4721 sayılı Türk Medeni Kanunu (“TMK”) 193. maddede “Kanunda aksine hüküm bulunmadıkça, eşlerden her biri diğer ve üçüncü kişilerle her türlü hukuki işlemi yapabilir.” denmektedir. Buna göre eşlerin diğer ve üçüncü kişilerle yaptıkları hukuki işlemlerde işlem serbestisi ve eşitlik prensibi benimsenmiş olup bu durumun evlilik birliğinin korunmasına yönelik birtakım istisnaları mevcuttur. Söz konusu istisnalardan biri de TMK’da yer alan “Tasarruf yetkisinin sınırlanması” başlıklı 199. maddede belirtilen “Ailenin ekonomik varlığının korunması veya evlilik birliğinden doğan malî bir yükümlülüğün yerine getirilmesi gerektirdiği ölçüde, eşlerden birinin istemi üzerine hâkim, belirleyeceği malvarlığı değerleriyle ilgili tasarrufların ancak onun rızasıyla yapılabileceğine karar verebilir. Hâkim bu durumda gerekli önlemleri alır. Hâkim, eşlerden birinin taşınmaz üzerinde tasarruf yetkisini kaldırırsa, re’sen durumun tapu kütüğüne şerhedilmesine karar verir.” hükmü olup yasanın lafzından anlaşıldığı üzere eşlerden birinin talebi ile diğer eşin hukuki işlemlerine yönelik mahkeme kararıyla sınırlama getirilebilecektir. Bu durumda işlemleri kısıtlanan eş ilgili tasarruflarını yalnızca kısıtlama talebinde bulunan eşin rızasıyla gerçekleştirebilecektir.
Kanun koyucu söz konusu madde kapsamında ailenin ekonomik varlığının korunması yahut evlilik birliğinden doğan mali bir yükümlülüğünün yerine getirilmesinin sağlanmasını amaçlamıştır. Eşin malvarlığında hızla ve açıklanamayan şekilde azalma, evlilik birliği sürerken eşlerden birinin bir başkasıyla ilişki kurması ve malvarlığının söz konusu üçüncü kişi yararına kullanılması tehlikesi, eşin bir taşınmazını piyasa bedelinden düşük bir fiyata satacağı konusunda üçüncü kişilerle anlaşma yapması ve sair hallerde yasa ailenin ekonomik geleceğini korumak amacıyla yukarıda bahsettiğimiz şekilde eylemlerde bulunan eşin tasarruf işlemlerinin geçerliliğinin diğer eşin rızasına bağlanabilmesine olanak tanımıştır.
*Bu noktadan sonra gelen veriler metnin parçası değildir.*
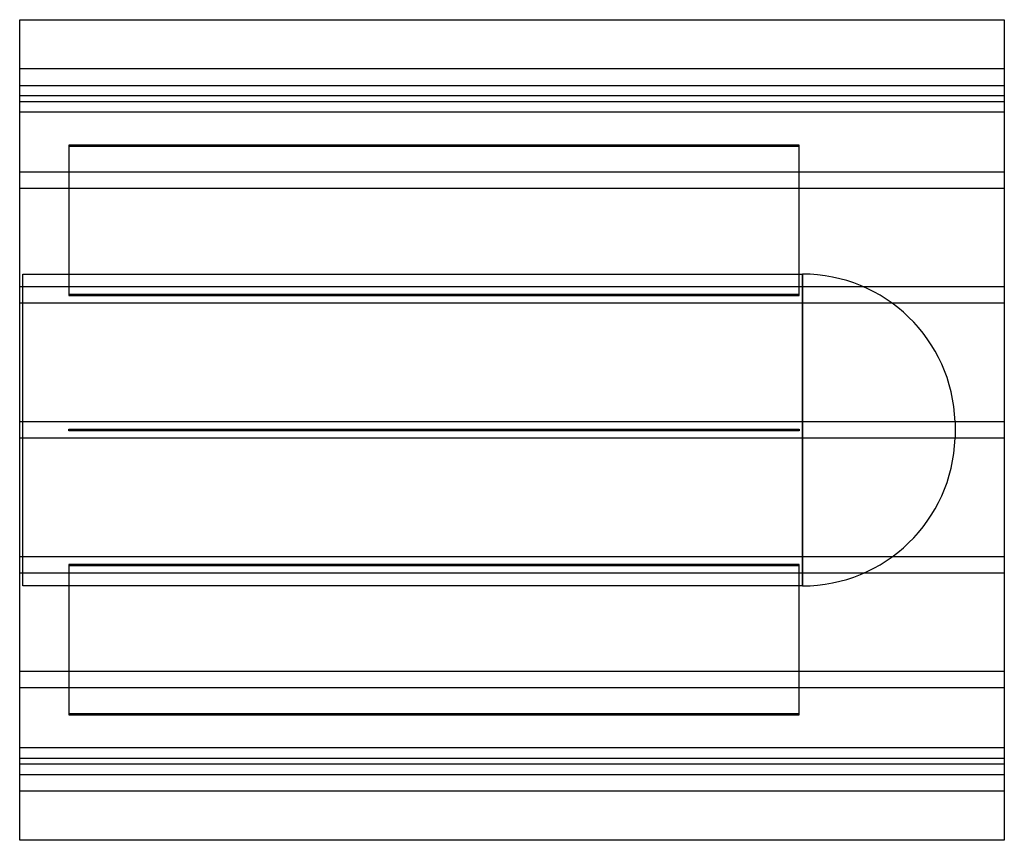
# Model space of a CAD drawing. Header units: millimetres. Extents: x -600 to 600, y -500 to 500.
import ezdxf

# ---------------------------------------------------------------- set-up
doc = ezdxf.new("R2010")
doc.units = ezdxf.units.MM
doc.layers.add('HIDDEN', color=7, linetype='Continuous')
doc.layers.add('THICK', color=7, linetype='Continuous')

msp = doc.modelspace()

# ---------------------------------------------------------------- linework, layer by layer
at = {"layer": 'HIDDEN'}
for p, q in [((600, 440), (-600, 440)), ((-600, 420), (600, 420)), ((600, 407.3), (-600, 407.3)), ((600, 407.3), (-600, 407.3)), ((600, 400), (-600, 400)), ((600, 387.3), (-600, 387.3)), ((600, 387.3), (-600, 387.3)), ((350, 346.9), (-540, 346.9)), ((-540, 346.9), (-540, 345.9)), ((-540, 345.9), (350, 345.9)), ((-540, 345.9), (-540, 164)), ((350, 345.9), (350, 346.9)), ((350, 164), (350, 345.9)), ((600, 314.1), (-600, 314.1)), ((600, 314.1), (-600, 314.1)), ((600, 294.1), (-600, 294.1)), ((600, 294.1), (-600, 294.1)), ((-596, -190), (-596, 190)), ((-596, 190), (353.9, 190)), ((353.9, 190), (353.9, 0)), ((353.9, -190), (353.9, 190)), ((600, 174.6), (-600, 174.6)), ((600, 174.6), (-600, 174.6)), ((350, 165), (-540, 165)), ((-540, 164), (350, 164)), ((600, 154.6), (-600, 154.6)), ((600, 154.6), (-600, 154.6)), ((600, 10), (-600, 10)), ((600, 10), (-600, 10)), ((-540, -1), (-540, 1)), ((-540, 1), (350, 1)), ((-540, 1), (-540, 1)), ((350, 1), (350, -1)), ((350, 1), (350, 1)), ((540, 9.9), (540, -9.9)), ((600, -10), (-600, -10)), ((600, -10), (-600, -10)), ((350, -1), (-540, -1)), ((-540, -1), (-540, -1)), ((350, -1), (350, -1)), ((353.9, 0), (353.9, -190)), ((600, -154.6), (-600, -154.6)), ((600, -154.6), (-600, -154.6)), ((350, -164), (-540, -164)), ((-540, -164), (-540, -345.9)), ((-540, -165), (350, -165)), ((350, -345.9), (350, -164)), ((600, -174.6), (-600, -174.6)), ((600, -174.6), (-600, -174.6)), ((353.9, -190), (-596, -190)), ((600, -294.1), (-600, -294.1)), ((600, -294.1), (-600, -294.1)), ((600, -314.1), (-600, -314.1)), ((600, -314.1), (-600, -314.1)), ((350, -345.9), (-540, -345.9)), ((-540, -345.9), (-540, -346.9)), ((-540, -346.9), (350, -346.9)), ((350, -346.9), (350, -345.9)), ((600, -387.3), (-600, -387.3)), ((600, -387.3), (-600, -387.3)), ((-600, -400), (600, -400)), ((600, -407.3), (-600, -407.3)), ((600, -407.3), (-600, -407.3)), ((-600, -420), (600, -420)), ((600, -440), (-600, -440))]:
    msp.add_line(p, q, dxfattribs=at)
for centre, start, end in [((353.9, 3.8), 1.8779, 90), ((353.9, -3.8), 270, 358.1221)]:
    msp.add_arc(centre, 186.2, start, end, dxfattribs=at)
at = {"layer": 'THICK'}
for p, q in [((-600, -500), (-600, 500)), ((-600, 500), (600, 500)), ((600, 500), (600, -500)), ((600, -500), (-600, -500))]:
    msp.add_line(p, q, dxfattribs=at)

doc.saveas('drawing.dxf')

Eşin diğer eşe zarar verme amacı gütmesi, tazminat yahut nafaka gibi yükümlülüklerini yerine getirmemek için birtakım muvazaalı işlemlerde bulunması durumunda da kanun koyucu diğer eşin tehlike altında kalmaması gayesiyle söz konusu yasa gereğince eşin tasarruf işlemlerinin diğer eşin rızasına bağlanmasına müsade etmiştir.
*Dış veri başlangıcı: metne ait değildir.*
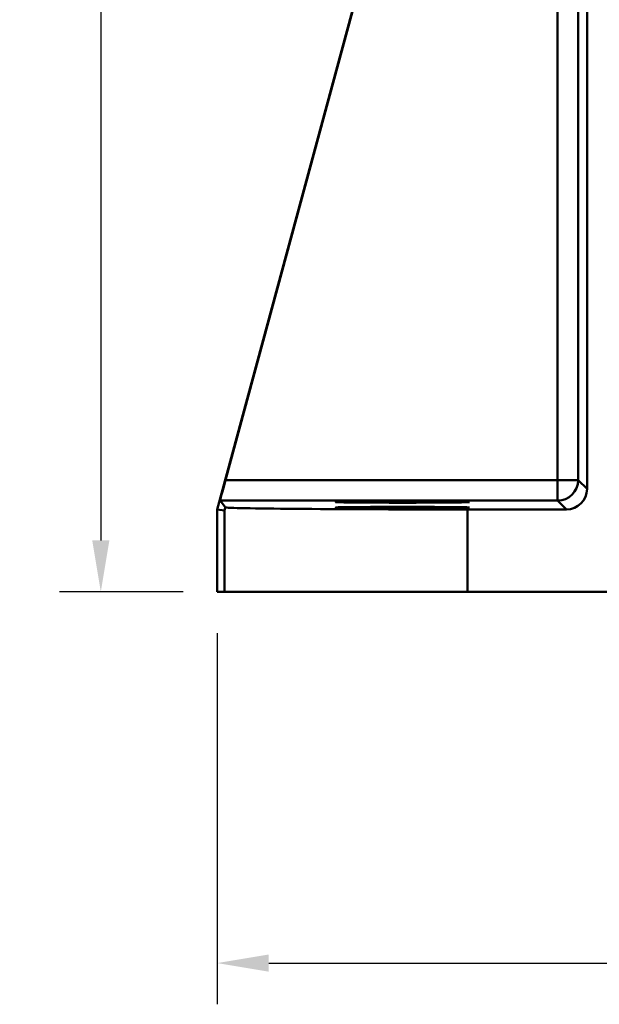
# Model space of a CAD drawing. Header units: millimetres. Extents: x 38 to 394, y 96 to 393.
# Tile 4 of 15: x 38 to 66, y 223 to 271. Entities that reach past the tile are written whole.
import ezdxf

# ---------------------------------------------------------------- set-up
doc = ezdxf.new("R2010")
doc.units = ezdxf.units.MM
for name, color, linetype, lineweight in [('Arêtes tangentes visibles(GABARIT)', 7, 'Continuous', 50), ('Arêtes visibles(GABARIT)', 7, 'Continuous', 50), ('Cotes(GABARIT)', 7, 'Continuous', 25)]:
    doc.layers.add(name, color=color, linetype=linetype, lineweight=lineweight)
doc.styles.add('Courant-BSI', font='arial.ttf')
doc.dimstyles.new('MS-Relais', dxfattribs={"dimtxt": 3.5, "dimasz": 2.5, "dimexe": 2, "dimexo": 2, "dimgap": 0.3, "dimtad": 1, "dimtoh": 1, "dimrnd": 1e-08, "dimtxsty": 'Courant-BSI', "dimcen": 0.09, "dimdle": 6, "dimclrd": 7, "dimclre": 7, "dimclrt": 7, "dimazin": 2, "dimtfac": 0.571429, "dimtmove": 0, "dimatfit": 3, "dimfxl": 1, "dimtolj": 1, "dimlwd": 25, "dimlwe": 25, "dimarcsym": 0})

# ---------------------------------------------------------------- blocks, each defined once
blk = doc.blocks.new('*D14')
at = {"layer": 'Cotes(GABARIT)', "color": 7, "linetype": 'Continuous', "lineweight": 25}
for p, q in [((47.428, 241.088), (47.428, 223.088)), ((217.428, 241.088), (217.428, 223.088)), ((49.928, 225.088), (214.928, 225.088))]:
    blk.add_line(p, q, dxfattribs=at)
at = {"layer": 'Cotes(GABARIT)', "color": 7, "linetype": 'Continuous'}
for points in [[(49.928, 225.505), (49.928, 224.671), (47.428, 225.088)], [(214.928, 225.505), (214.928, 224.671), (217.428, 225.088)]]:
    blk.add_solid(points, dxfattribs=at)
at = {"layer": 'Defpoints', "color": 0, "linetype": 'Continuous'}
for p in [(47.428, 243.088), (217.428, 243.088), (217.428, 225.088)]:
    blk.add_point(p, dxfattribs=at)
at = {"layer": 'Cotes(GABARIT)', "color": 7, "linetype": 'Continuous', "lineweight": 25, "insert": (128.732, 228.962), "char_height": 3.5, "attachment_point": 1, "style": 'Courant-BSI'}
blk.add_mtext('\\A1;170', dxfattribs=at)
blk = doc.blocks.new('*D16')
at = {"layer": 'Cotes(GABARIT)', "color": 7, "linetype": 'Continuous', "lineweight": 25}
for p, q in [((82.927, 379.088), (39.78, 379.088)), ((41.78, 376.588), (41.78, 245.588)), ((45.78, 243.088), (39.78, 243.088))]:
    blk.add_line(p, q, dxfattribs=at)
at = {"layer": 'Cotes(GABARIT)', "color": 7, "linetype": 'Continuous'}
for points in [[(41.363, 376.588), (42.197, 376.588), (41.78, 379.088)], [(41.363, 245.588), (42.197, 245.588), (41.78, 243.088)]]:
    blk.add_solid(points, dxfattribs=at)
at = {"layer": 'Defpoints', "color": 0, "linetype": 'Continuous'}
for p in [(84.927, 379.088), (41.78, 243.088), (47.78, 243.088)]:
    blk.add_point(p, dxfattribs=at)
at = {"layer": 'Cotes(GABARIT)', "color": 7, "linetype": 'Continuous', "lineweight": 25, "insert": (37.904, 307.388), "char_height": 3.5, "attachment_point": 1, "rotation": 90, "style": 'Courant-BSI'}
blk.add_mtext('\\A1;136', dxfattribs=at)

msp = doc.modelspace()

# ---------------------------------------------------------------- linework, layer by layer
at = {"layer": 'Arêtes tangentes visibles(GABARIT)'}
for p, q in [((63.9526, 307.9323), (63.9526, 248.5175)), ((64.9526, 248.5175), (64.9526, 285.2572)), ((63.9526, 248.5175), (47.8323, 248.5175)), ((63.9526, 248.5175), (63.9526, 247.5175)), ((64.9526, 248.5175), (63.9526, 248.5175)), ((65.382, 248.0881), (64.9526, 248.5175)), ((47.57, 247.5175), (63.9526, 247.5175)), ((56.4282, 247.4743), (56.4282, 247.4175)), ((63.9526, 247.5175), (64.3821, 247.0881)), ((47.78, 247.0412), (47.78, 243.0881)), ((56.4282, 247.2125), (56.4282, 247.1557)), ((59.5795, 243.0881), (59.5795, 247.0881))]:
    msp.add_line(p, q, dxfattribs=at)
msp.add_ellipse((63.9526, 248.5175), major_axis=(0.7071, 0.7071), ratio=0.9999239, start_param=3.9270289, end_param=5.4977491, dxfattribs=at)
at = {"layer": 'Arêtes visibles(GABARIT)'}
for p, q in [((64.7538, 310.9451), (47.4282, 247.0881)), ((47.8323, 248.5175), (63.9526, 307.9323)), ((65.382, 273.6312), (65.382, 248.0881)), ((47.57, 247.5175), (47.8267, 247.1819)), ((47.4282, 243.0881), (47.4282, 247.0881)), ((47.78, 247.0412), (47.4282, 247.0881)), ((64.3821, 247.0881), (59.5795, 247.0881)), ((47.4282, 243.0881), (47.78, 243.0881)), ((59.5795, 243.0881), (47.78, 243.0881)), ((59.5795, 243.0881), (101.5745, 243.0881))]:
    msp.add_line(p, q, dxfattribs=at)
for centre, major_axis, ratio, start_param, end_param in [((47.8414, 248.5175), (-0.2713, -1), 0.0084223, 4.7146743, 6.276744), ((64.382, 248.0881), (0.7072, -0.7072), 0.9999239, 5.4978252, 7.0685454), ((59.5795, 290.5344), (-11.7996, -43.4932), 0.002285, 0.0003044, 0.0810616), ((59.5795, 247.1911), (-11.8, 0), 0.0087269, 0.0894838, 1.5707963)]:
    msp.add_ellipse(centre, major_axis=major_axis, ratio=ratio, start_param=start_param, end_param=end_param, dxfattribs=at)
for centre in [(56.4282, 247.4459), (56.4282, 247.1841)]:
    msp.add_ellipse(centre, major_axis=(3.25, 0), ratio=0.0087269, dxfattribs=at)

# ---------------------------------------------------------------- dimensions: what is measured, and where the dimension line sits
at = {"layer": 'Cotes(GABARIT)', "color": 7, "linetype": 'Continuous', "lineweight": 25}
dim = msp.add_linear_dim(base=(41.78, 243.0881), p1=(84.9275, 379.0881), p2=(47.78, 243.0881), angle=270, dimstyle='MS-Relais', override={"dimtoh": 0, "dimdec": 2, "dimtp": 0, "dimtm": 0, "dimtdec": 2, "dimtofl": 0, "dimatfit": 1}, dxfattribs=at)
dim.commit()
dim.dimension.update_dxf_attribs({"geometry": '*D16', "text_midpoint": (41.78, 311.0881), "dimtype": 160})
dim = msp.add_linear_dim(base=(217.4282, 225.0881), p1=(47.4282, 243.0881), p2=(217.4282, 243.0881), dimstyle='MS-Relais', override={"dimtoh": 0, "dimdec": 2, "dimtp": 0, "dimtm": 0, "dimtdec": 2, "dimtofl": 0, "dimatfit": 1}, dxfattribs=at)
dim.commit()
dim.dimension.update_dxf_attribs({"geometry": '*D14', "text_midpoint": (132.4282, 225.0881), "dimtype": 160})

doc.saveas('drawing.dxf')

Yukarıda bahsettiğimiz tasarruf işlemlerinin kısıtlanması hali yasanın lafzında açık olduğu üzere yalnızca eşlerden birinin talebi ile mümkün olacaktır. Bu sebeple evlilik birliği içerisindeki malları ve ekonomik varlığı tehlikeye düşen eşin mahkemeden diğer eşin tasarruf işlemlerinin kısıtlanarak kendi rızasına ve iznine bağlanmasını talep etmesi gerekmektedir.
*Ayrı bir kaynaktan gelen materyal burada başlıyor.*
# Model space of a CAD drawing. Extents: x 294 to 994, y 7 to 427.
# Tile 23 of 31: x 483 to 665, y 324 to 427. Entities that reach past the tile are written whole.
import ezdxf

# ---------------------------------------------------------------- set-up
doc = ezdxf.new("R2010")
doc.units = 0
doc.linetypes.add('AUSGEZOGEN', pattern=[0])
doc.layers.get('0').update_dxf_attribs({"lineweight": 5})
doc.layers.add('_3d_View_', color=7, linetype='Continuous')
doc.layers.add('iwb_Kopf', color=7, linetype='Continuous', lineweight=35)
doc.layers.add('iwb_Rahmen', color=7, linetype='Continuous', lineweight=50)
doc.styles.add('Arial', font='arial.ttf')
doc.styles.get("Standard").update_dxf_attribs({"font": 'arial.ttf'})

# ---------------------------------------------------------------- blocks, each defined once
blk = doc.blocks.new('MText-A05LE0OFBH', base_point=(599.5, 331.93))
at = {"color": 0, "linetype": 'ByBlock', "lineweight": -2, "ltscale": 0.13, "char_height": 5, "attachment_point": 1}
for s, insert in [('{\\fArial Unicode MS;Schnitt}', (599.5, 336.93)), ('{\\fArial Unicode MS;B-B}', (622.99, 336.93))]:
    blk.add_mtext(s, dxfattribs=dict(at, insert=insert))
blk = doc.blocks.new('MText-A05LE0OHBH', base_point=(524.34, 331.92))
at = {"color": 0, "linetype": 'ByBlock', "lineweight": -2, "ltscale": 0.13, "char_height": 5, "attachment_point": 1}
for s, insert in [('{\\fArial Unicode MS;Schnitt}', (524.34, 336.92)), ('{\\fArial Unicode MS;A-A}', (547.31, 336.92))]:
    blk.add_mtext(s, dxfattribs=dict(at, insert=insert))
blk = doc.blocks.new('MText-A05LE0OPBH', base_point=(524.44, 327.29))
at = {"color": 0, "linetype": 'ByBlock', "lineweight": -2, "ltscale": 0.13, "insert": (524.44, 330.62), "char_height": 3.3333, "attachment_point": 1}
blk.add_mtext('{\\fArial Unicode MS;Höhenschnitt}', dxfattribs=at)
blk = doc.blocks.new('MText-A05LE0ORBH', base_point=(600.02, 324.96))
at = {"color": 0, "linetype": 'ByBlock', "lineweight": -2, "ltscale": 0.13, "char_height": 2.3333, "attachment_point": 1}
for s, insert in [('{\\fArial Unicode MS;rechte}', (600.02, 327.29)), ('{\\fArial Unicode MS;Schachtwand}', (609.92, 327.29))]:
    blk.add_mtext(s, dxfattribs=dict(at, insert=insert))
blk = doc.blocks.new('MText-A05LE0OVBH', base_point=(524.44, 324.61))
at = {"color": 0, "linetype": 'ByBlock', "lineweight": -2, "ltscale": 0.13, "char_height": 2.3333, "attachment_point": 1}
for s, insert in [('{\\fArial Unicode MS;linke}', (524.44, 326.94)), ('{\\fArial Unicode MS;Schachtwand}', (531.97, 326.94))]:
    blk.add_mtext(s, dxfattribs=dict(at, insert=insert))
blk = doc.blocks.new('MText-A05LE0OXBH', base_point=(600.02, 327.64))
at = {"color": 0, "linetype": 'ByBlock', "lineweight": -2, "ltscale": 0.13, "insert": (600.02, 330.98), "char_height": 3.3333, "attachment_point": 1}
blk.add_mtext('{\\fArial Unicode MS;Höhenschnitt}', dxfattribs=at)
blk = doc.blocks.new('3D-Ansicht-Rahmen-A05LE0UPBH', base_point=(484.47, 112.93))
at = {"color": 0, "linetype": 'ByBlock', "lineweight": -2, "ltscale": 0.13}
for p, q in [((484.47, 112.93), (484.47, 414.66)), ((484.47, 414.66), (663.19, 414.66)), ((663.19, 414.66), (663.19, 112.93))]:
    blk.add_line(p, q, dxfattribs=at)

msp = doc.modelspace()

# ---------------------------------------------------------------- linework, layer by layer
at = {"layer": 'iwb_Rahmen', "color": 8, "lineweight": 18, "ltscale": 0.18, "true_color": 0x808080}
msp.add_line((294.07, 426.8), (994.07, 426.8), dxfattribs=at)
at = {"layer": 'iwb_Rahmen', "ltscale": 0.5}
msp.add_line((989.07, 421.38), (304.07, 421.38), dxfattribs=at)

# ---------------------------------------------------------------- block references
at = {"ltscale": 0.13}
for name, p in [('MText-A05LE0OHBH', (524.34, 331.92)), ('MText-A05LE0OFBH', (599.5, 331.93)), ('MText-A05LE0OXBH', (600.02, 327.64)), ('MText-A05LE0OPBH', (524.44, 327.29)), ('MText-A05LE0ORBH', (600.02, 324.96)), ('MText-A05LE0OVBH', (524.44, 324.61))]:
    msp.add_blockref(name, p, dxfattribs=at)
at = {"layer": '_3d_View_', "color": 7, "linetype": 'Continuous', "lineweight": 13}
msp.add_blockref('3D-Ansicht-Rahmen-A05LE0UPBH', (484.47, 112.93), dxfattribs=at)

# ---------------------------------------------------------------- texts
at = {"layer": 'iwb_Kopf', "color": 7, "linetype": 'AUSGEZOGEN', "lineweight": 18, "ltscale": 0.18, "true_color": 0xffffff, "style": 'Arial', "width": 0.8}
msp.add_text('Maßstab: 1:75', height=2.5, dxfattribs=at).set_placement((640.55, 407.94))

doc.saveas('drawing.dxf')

“…Ailenin ekonomik varlığının korunması veya evlilik birliğinden doğan mali bir yükümlülüğün yerine getirilmesi gerektiği ölçüde, eşlerden birinin istemi üzerine hakim belirleyeceği malvarlığı değerleriyle ilgili tasarrufların ancak onun rızası ile yapılabileceğine karar verebilir. Hakim, bu durumda gerekli önlemleri alır. Hakim, eşlerden birinin taşınmaz üzerine tasarruf yetkisini kaldırırsa, resen durumun tapu kütüğüne şerh edilmesine karar verir. (TMK m. 199)…” Yargıtay 30.05.2005 T., 2005/5875E., 2005/8355 K.